Concert venue located in Ontario, Canada

History are music venues in Toronto and Ottawa, Ontario, Canada. The venues hosts various events such as concerts, live entertainment, galas and community programs and events.

==History Toronto==
The building is located at 1663 Queen Street East. It was previously known as Greenwood Teletheatre and was used for off-track betting.

The venue was announced in June 2021 when both American company Live Nation Entertainment and Canadian musician Drake collaborated to open the venue later in the year. It has a capacity of 2,500 people and is expected to play up to 200 events per year, featuring general admission and seating options.
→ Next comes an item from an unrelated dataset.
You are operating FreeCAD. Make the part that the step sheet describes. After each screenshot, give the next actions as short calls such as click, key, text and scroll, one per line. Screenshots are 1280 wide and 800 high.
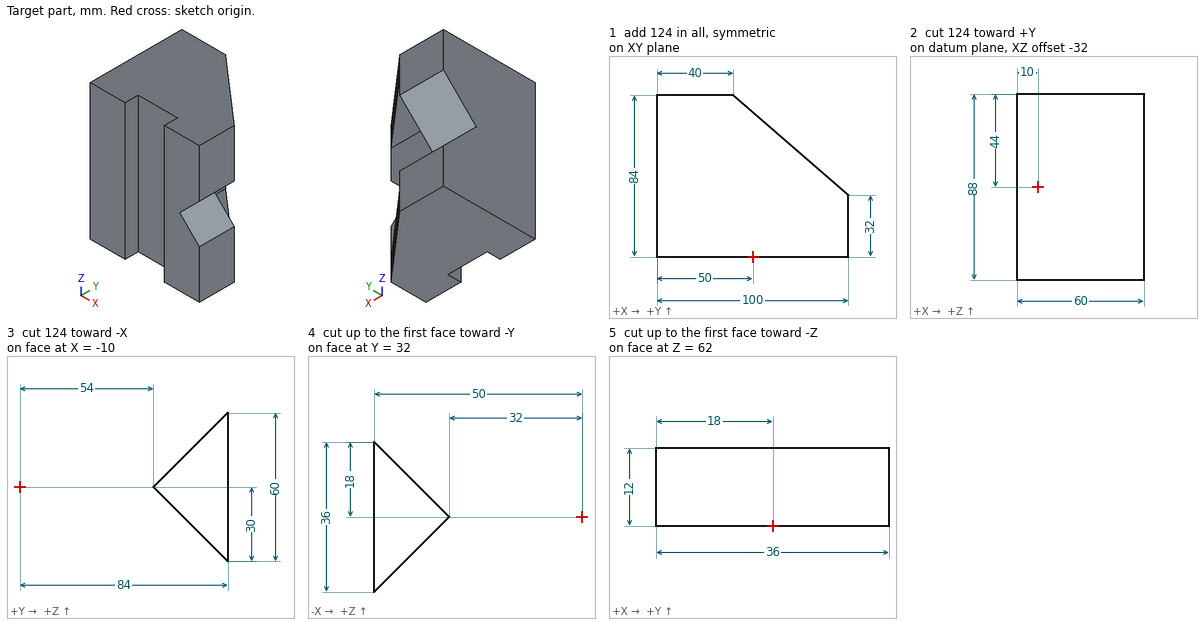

The venue was set to open in October 2021, but was postponed to November 7, 2021, when the venue officially opened to the public. The inaugural concert on its opening day was performed by Bleachers.

==History Ottawa==
The building is located at 47 Rideau Street, in Downtown Ottawa. It was originally constructed in 1950 for the F.W. Woolworth Co. department store before later housing a Chapters bookstore. The venue was under development by the National Capital Commission (NCC) and Live Nation Canada since 2024.

The venue opened in August 2026, with a surprise show by Canadian group Dwayne Gretzky. The inaugural concert was the following night by the American rock band The Wallflowers. History Ottawa features a 2,000 seating capacity with a larger stage and taller ceilings than the other location. Drake is a partner in both the Ottawa and Toronto locations.